THE DATA below:

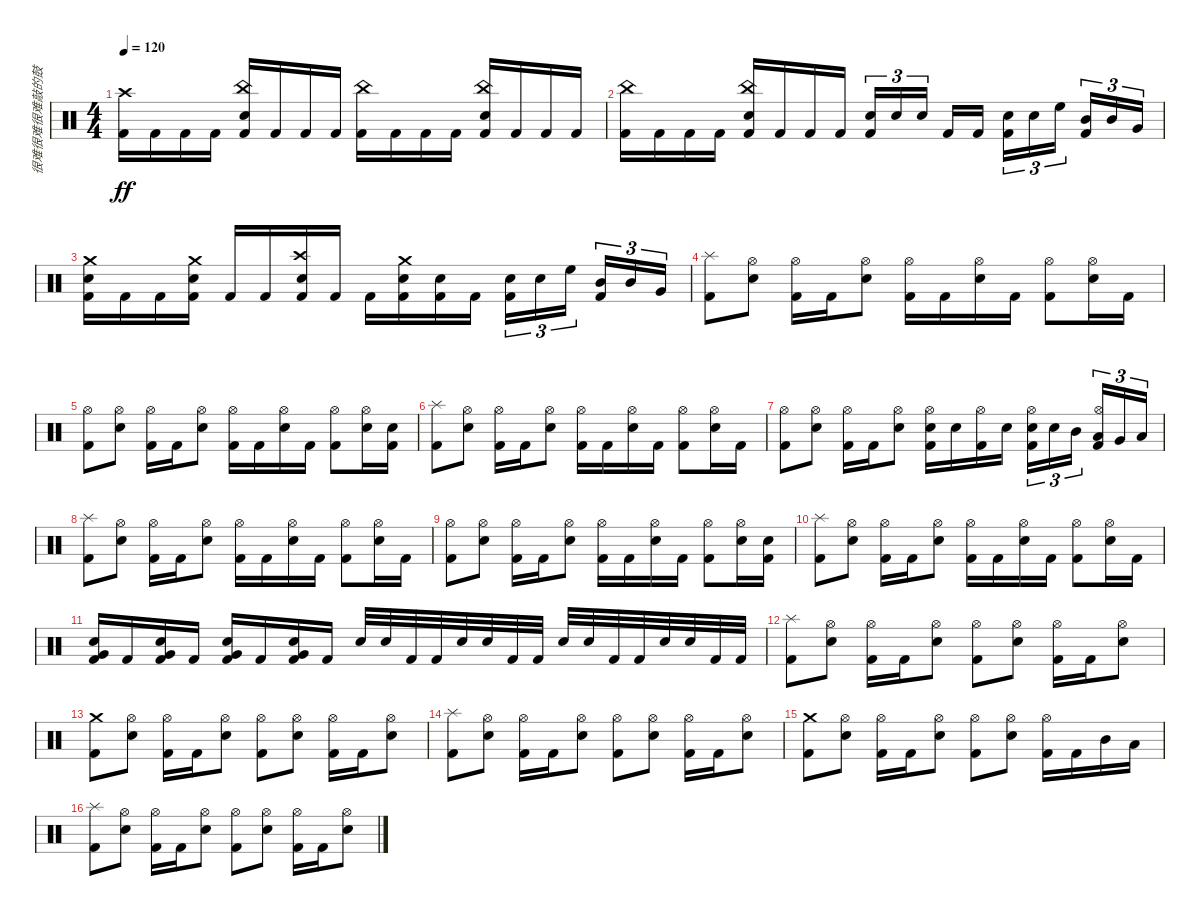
\track ("很难很难很难敲的鼓" "很难很难很难敲的鼓") {instrument percussion}
\staff {score}
\articulation defaults
\ts (4 4)
\tempo 120
\clef neutral
\ks c
("Kick (hit) 2" "Crash high (hit)").16{dy ff} "Kick (hit) 2".16 "Kick (hit) 2".16 "Kick (hit) 2".16 ("China (hit)" "Kick (hit) 2" "Electric Snare (hit)").16 "Kick (hit) 2".16 "Kick (hit) 2".16 "Kick (hit) 2".16 ("China (hit)" "Kick (hit) 2").16 "Kick (hit) 2".16 "Kick (hit) 2".16 "Kick (hit) 2".16 ("China (hit)" "Kick (hit) 2" "Electric Snare (hit)").16 "Kick (hit) 2".16 "Kick (hit) 2".16 "Kick (hit) 2".16 |
("China (hit)" "Kick (hit) 2").16 "Kick (hit) 2".16 "Kick (hit) 2".16 "Kick (hit) 2".16 ("China (hit)" "Kick (hit) 2" "Electric Snare (hit)").16 "Kick (hit) 2".16 "Kick (hit) 2".16 "Kick (hit) 2".16 ("Electric Snare (hit)" "Kick (hit) 2").16{tu (3 2)} "Electric Snare (hit)".16{tu (3 2)} "Electric Snare (hit)".16{tu (3 2) beam splitsecondary} "Kick (hit) 2".16 "Kick (hit) 2".16 ("Electric Snare (hit)" "Kick (hit) 2").16{tu (3 2)} "Electric Snare (hit)".16{tu (3 2)} "High Floor Tom (hit)".16{tu (3 2) beam splitsecondary} ("Kick (hit) 2" "Mid Tom (hit)").16{tu (3 2)} "Mid Tom (hit)".16{tu (3 2)} "Very Low Tom (hit)".16{tu (3 2)} |
("Kick (hit) 2" "Electric Snare (hit)" "Crash medium (hit)").16 "Kick (hit) 2".16 "Kick (hit) 2".16 ("Kick (hit) 2" "Electric Snare (hit)" "Crash medium (hit)").16 "Kick (hit) 2".16 "Kick (hit) 2".16 ("Kick (hit) 2" "Electric Snare (hit)" "Crash high (hit)").16 "Kick (hit) 2".16 "Kick (hit) 2".16 ("Kick (hit) 2" "Electric Snare (hit)" "Crash medium (hit)").16 ("Kick (hit) 2" "Electric Snare (hit)").16 "Kick (hit) 2".16 ("Kick (hit) 2" "Electric Snare (hit)").16{tu (3 2)} "Electric Snare (hit)".16{tu (3 2)} "High Floor Tom (hit)".16{tu (3 2) beam splitsecondary} ("Kick (hit) 2" "Mid Tom (hit)").16{tu (3 2)} "Mid Tom (hit)".16{tu (3 2)} "Very Low Tom (hit)".16{tu (3 2)} |
("Kick (hit) 2" "Splash (hit)").8 ("Electric Snare (hit)" "Hi-Hat (open)").8 ("Kick (hit) 2" "Hi-Hat (open)").16 "Kick (hit) 2".16 ("Electric Snare (hit)" "Hi-Hat (open)").8 ("Kick (hit) 2" "Hi-Hat (open)").16 "Kick (hit) 2".16 ("Electric Snare (hit)" "Hi-Hat (open)").16 "Kick (hit) 2".16 ("Kick (hit) 2" "Hi-Hat (open)").8 ("Electric Snare (hit)" "Hi-Hat (open)").16 "Kick (hit) 2".16 |
("Kick (hit) 2" "Hi-Hat (open)").8 ("Electric Snare (hit)" "Hi-Hat (open)").8 ("Kick (hit) 2" "Hi-Hat (open)").16 "Kick (hit) 2".16 ("Electric Snare (hit)" "Hi-Hat (open)").8 ("Kick (hit) 2" "Hi-Hat (open)").16 "Kick (hit) 2".16 ("Electric Snare (hit)" "Hi-Hat (open)").16 "Kick (hit) 2".16 ("Kick (hit) 2" "Hi-Hat (open)").8 ("Electric Snare (hit)" "Hi-Hat (open)").16 ("Kick (hit) 2" "Electric Snare (hit)").16 |
("Kick (hit) 2" "Splash (hit)").8 ("Electric Snare (hit)" "Hi-Hat (open)").8 ("Kick (hit) 2" "Hi-Hat (open)").16 "Kick (hit) 2".16 ("Electric Snare (hit)" "Hi-Hat (open)").8 ("Kick (hit) 2" "Hi-Hat (open)").16 "Kick (hit) 2".16 ("Electric Snare (hit)" "Hi-Hat (open)").16 "Kick (hit) 2".16 ("Kick (hit) 2" "Hi-Hat (open)").8 ("Electric Snare (hit)" "Hi-Hat (open)").16 "Kick (hit) 2".16 |
("Kick (hit) 2" "Hi-Hat (open)").8 ("Electric Snare (hit)" "Hi-Hat (open)").8 ("Kick (hit) 2" "Hi-Hat (open)").16 "Kick (hit) 2".16 ("Electric Snare (hit)" "Hi-Hat (open)").8 ("Kick (hit) 2" "Electric Snare (hit)" "Hi-Hat (open)").16 "Electric Snare (hit)".16 ("Kick (hit) 2" "Hi-Hat (open)").16 "Electric Snare (hit)".16 ("Kick (hit) 2" "Electric Snare (hit)" "Hi-Hat (open)").16{tu (3 2)} "Electric Snare (hit)".16{tu (3 2)} "Mid Tom (hit)".16{tu (3 2) beam splitsecondary} ("Kick (hit) 2" "Hi-Hat (open)" "Low Tom (hit)").16{tu (3 2)} "Very Low Tom (hit)".16{tu (3 2)} "Low Floor Tom (hit)".16{tu (3 2)} |
("Kick (hit) 2" "Splash (hit)").8 ("Electric Snare (hit)" "Hi-Hat (open)").8 ("Kick (hit) 2" "Hi-Hat (open)").16 "Kick (hit) 2".16 ("Electric Snare (hit)" "Hi-Hat (open)").8 ("Kick (hit) 2" "Hi-Hat (open)").16 "Kick (hit) 2".16 ("Electric Snare (hit)" "Hi-Hat (open)").16 "Kick (hit) 2".16 ("Kick (hit) 2" "Hi-Hat (open)").8 ("Electric Snare (hit)" "Hi-Hat (open)").16 "Kick (hit) 2".16 |
("Kick (hit) 2" "Hi-Hat (open)").8 ("Electric Snare (hit)" "Hi-Hat (open)").8 ("Kick (hit) 2" "Hi-Hat (open)").16 "Kick (hit) 2".16 ("Electric Snare (hit)" "Hi-Hat (open)").8 ("Kick (hit) 2" "Hi-Hat (open)").16 "Kick (hit) 2".16 ("Electric Snare (hit)" "Hi-Hat (open)").16 "Kick (hit) 2".16 ("Kick (hit) 2" "Hi-Hat (open)").8 ("Electric Snare (hit)" "Hi-Hat (open)").16 ("Kick (hit) 2" "Electric Snare (hit)").16 |
("Kick (hit) 2" "Splash (hit)").8 ("Electric Snare (hit)" "Hi-Hat (open)").8 ("Kick (hit) 2" "Hi-Hat (open)").16 "Kick (hit) 2".16 ("Electric Snare (hit)" "Hi-Hat (open)").8 ("Kick (hit) 2" "Hi-Hat (open)").16 "Kick (hit) 2".16 ("Electric Snare (hit)" "Hi-Hat (open)").16 "Kick (hit) 2".16 ("Kick (hit) 2" "Hi-Hat (open)").8 ("Electric Snare (hit)" "Hi-Hat (open)").16 "Kick (hit) 2".16 |
("Kick (hit) 2" "Electric Snare (hit)" "Very Low Tom (hit)").16 "Kick (hit) 2".16 ("Kick (hit) 2" "Electric Snare (hit)" "Very Low Tom (hit)").16 "Kick (hit) 2".16 ("Kick (hit) 2" "Electric Snare (hit)" "Very Low Tom (hit)").16 "Kick (hit) 2".16 ("Kick (hit) 2" "Electric Snare (hit)" "Very Low Tom (hit)").16 "Kick (hit) 2".16 "Electric Snare (hit)".32 "Electric Snare (hit)".32 "Kick (hit) 2".32 "Kick (hit) 2".32 "Electric Snare (hit)".32 "Electric Snare (hit)".32 "Kick (hit) 2".32 "Kick (hit) 2".32 "Electric Snare (hit)".32 "Electric Snare (hit)".32 "Kick (hit) 2".32 "Kick (hit) 2".32 "Electric Snare (hit)".32 "Electric Snare (hit)".32 "Kick (hit) 2".32 "Kick (hit) 2".32 |
("Kick (hit) 2" "Splash (hit)").8 ("Electric Snare (hit)" "Hi-Hat (open)").8 ("Kick (hit) 2" "Hi-Hat (open)").16 "Kick (hit) 2".16 ("Electric Snare (hit)" "Hi-Hat (open)").8 ("Kick (hit) 2" "Hi-Hat (open)").8 ("Electric Snare (hit)" "Hi-Hat (open)").8 ("Kick (hit) 2" "Hi-Hat (open)").16 "Kick (hit) 2".16 ("Electric Snare (hit)" "Hi-Hat (open)").8 |
("Kick (hit) 2" "Crash medium (hit)").8 ("Electric Snare (hit)" "Hi-Hat (open)").8 ("Kick (hit) 2" "Hi-Hat (open)").16 "Kick (hit) 2".16 ("Electric Snare (hit)" "Hi-Hat (open)").8 ("Kick (hit) 2" "Hi-Hat (open)").8 ("Electric Snare (hit)" "Hi-Hat (open)").8 ("Kick (hit) 2" "Hi-Hat (open)").16 "Kick (hit) 2".16 ("Electric Snare (hit)" "Hi-Hat (open)").8 |
("Kick (hit) 2" "Splash (hit)").8 ("Electric Snare (hit)" "Hi-Hat (open)").8 ("Kick (hit) 2" "Hi-Hat (open)").16 "Kick (hit) 2".16 ("Electric Snare (hit)" "Hi-Hat (open)").8 ("Kick (hit) 2" "Hi-Hat (open)").8 ("Electric Snare (hit)" "Hi-Hat (open)").8 ("Kick (hit) 2" "Hi-Hat (open)").16 "Kick (hit) 2".16 ("Electric Snare (hit)" "Hi-Hat (open)").8 |
("Kick (hit) 2" "Crash medium (hit)").8 ("Electric Snare (hit)" "Hi-Hat (open)").8 ("Kick (hit) 2" "Hi-Hat (open)").16 "Kick (hit) 2".16 ("Electric Snare (hit)" "Hi-Hat (open)").8 ("Kick (hit) 2" "Hi-Hat (open)").8 ("Electric Snare (hit)" "Hi-Hat (open)").8 ("Kick (hit) 2" "Hi-Hat (open)").16 "Kick (hit) 2".16 "Mid Tom (hit)".16 "Low Floor Tom (hit)".16 |
("Kick (hit) 2" "Splash (hit)").8 ("Electric Snare (hit)" "Hi-Hat (open)").8 ("Kick (hit) 2" "Hi-Hat (open)").16 "Kick (hit) 2".16 ("Electric Snare (hit)" "Hi-Hat (open)").8 ("Kick (hit) 2" "Hi-Hat (open)").8 ("Electric Snare (hit)" "Hi-Hat (open)").8 ("Kick (hit) 2" "Hi-Hat (open)").16 "Kick (hit) 2".16 ("Electric Snare (hit)" "Hi-Hat (open)").8
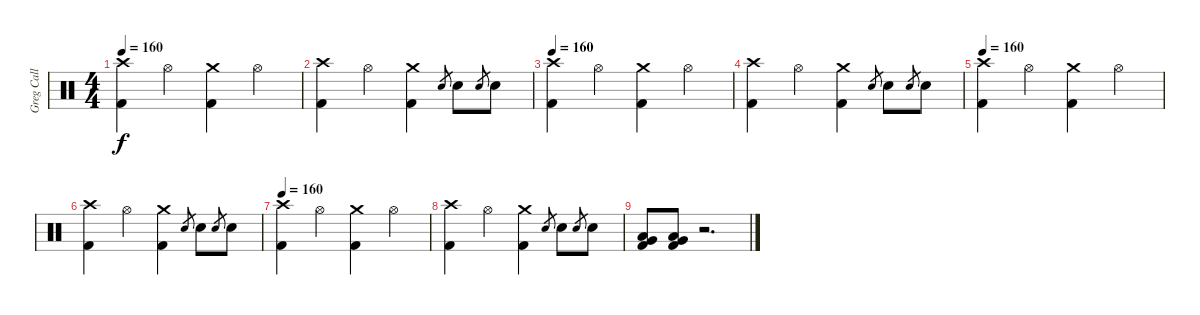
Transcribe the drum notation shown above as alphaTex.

\track ("Greg Call" "Greg Call") {instrument percussion}
\staff {score}
\articulation defaults
\ts (4 4)
\tempo 160
\clef neutral
\ks c
("Crash high (hit)" "Kick (hit) 2").4{dy f} "Hi-Hat (open)".4 ("Kick (hit) 2" "Crash medium (hit)").4 "Hi-Hat (open)".4 |
("Crash high (hit)" "Kick (hit) 2").4 "Hi-Hat (open)".4 ("Crash medium (hit)" "Kick (hit) 2").4 "Snare (hit) 2".8{gr} "Snare (hit) 2".8 "Snare (hit) 2".8{gr} "Snare (hit) 2".8 |
\tempo 160
("Crash high (hit)" "Kick (hit) 2").4 "Hi-Hat (open)".4 ("Kick (hit) 2" "Crash medium (hit)").4 "Hi-Hat (open)".4 |
("Crash high (hit)" "Kick (hit) 2").4 "Hi-Hat (open)".4 ("Crash medium (hit)" "Kick (hit) 2").4 "Snare (hit) 2".8{gr} "Snare (hit) 2".8 "Snare (hit) 2".8{gr} "Snare (hit) 2".8 |
\tempo 160
("Crash high (hit)" "Kick (hit) 2").4 "Hi-Hat (open)".4 ("Kick (hit) 2" "Crash medium (hit)").4 "Hi-Hat (open)".4 |
("Crash high (hit)" "Kick (hit) 2").4 "Hi-Hat (open)".4 ("Crash medium (hit)" "Kick (hit) 2").4 "Snare (hit) 2".8{gr} "Snare (hit) 2".8 "Snare (hit) 2".8{gr} "Snare (hit) 2".8 |
\tempo 152
\tempo 160
("Crash high (hit)" "Kick (hit) 2").4 "Hi-Hat (open)".4 ("Kick (hit) 2" "Crash medium (hit)").4 "Hi-Hat (open)".4 |
("Crash high (hit)" "Kick (hit) 2").4 "Hi-Hat (open)".4 ("Crash medium (hit)" "Kick (hit) 2").4 "Snare (hit) 2".8{gr} "Snare (hit) 2".8 "Snare (hit) 2".8{gr} "Snare (hit) 2".8 |
("Very Low Tom (hit)" "Low Floor Tom (hit)" "Kick (hit) 2").8 ("Very Low Tom (hit)" "Low Floor Tom (hit)" "Kick (hit) 2").8 r.2{d}
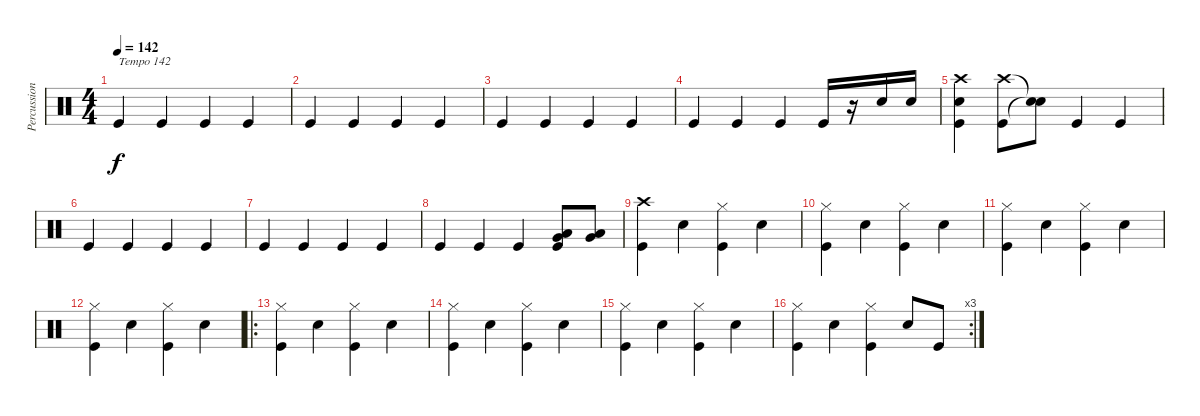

End of THE DATA.

→ TASK DETAILS: What is needed is an exact copy of the lines from the one with "Transcribe the drum" through the end of the data above, both included, minus any pictures.

→ ANSWER SECTION:
Transcribe the drum notation shown above as alphaTex.

\track ("Greg Call" "Greg Call") {instrument percussion}
\staff {score}
\articulation defaults
\ts (4 4)
\tempo 160
\clef neutral
\ks c
("Crash high (hit)" "Kick (hit) 2").4{dy f} "Hi-Hat (open)".4 ("Kick (hit) 2" "Crash medium (hit)").4 "Hi-Hat (open)".4 |
("Crash high (hit)" "Kick (hit) 2").4 "Hi-Hat (open)".4 ("Crash medium (hit)" "Kick (hit) 2").4 "Snare (hit) 2".8{gr} "Snare (hit) 2".8 "Snare (hit) 2".8{gr} "Snare (hit) 2".8 |
\tempo 160
("Crash high (hit)" "Kick (hit) 2").4 "Hi-Hat (open)".4 ("Kick (hit) 2" "Crash medium (hit)").4 "Hi-Hat (open)".4 |
("Crash high (hit)" "Kick (hit) 2").4 "Hi-Hat (open)".4 ("Crash medium (hit)" "Kick (hit) 2").4 "Snare (hit) 2".8{gr} "Snare (hit) 2".8 "Snare (hit) 2".8{gr} "Snare (hit) 2".8 |
\tempo 160
("Crash high (hit)" "Kick (hit) 2").4 "Hi-Hat (open)".4 ("Kick (hit) 2" "Crash medium (hit)").4 "Hi-Hat (open)".4 |
("Crash high (hit)" "Kick (hit) 2").4 "Hi-Hat (open)".4 ("Crash medium (hit)" "Kick (hit) 2").4 "Snare (hit) 2".8{gr} "Snare (hit) 2".8 "Snare (hit) 2".8{gr} "Snare (hit) 2".8 |
\tempo 152
\tempo 160
("Crash high (hit)" "Kick (hit) 2").4 "Hi-Hat (open)".4 ("Kick (hit) 2" "Crash medium (hit)").4 "Hi-Hat (open)".4 |
("Crash high (hit)" "Kick (hit) 2").4 "Hi-Hat (open)".4 ("Crash medium (hit)" "Kick (hit) 2").4 "Snare (hit) 2".8{gr} "Snare (hit) 2".8 "Snare (hit) 2".8{gr} "Snare (hit) 2".8 |
("Very Low Tom (hit)" "Low Floor Tom (hit)" "Kick (hit) 2").8 ("Very Low Tom (hit)" "Low Floor Tom (hit)" "Kick (hit) 2").8 r.2{d}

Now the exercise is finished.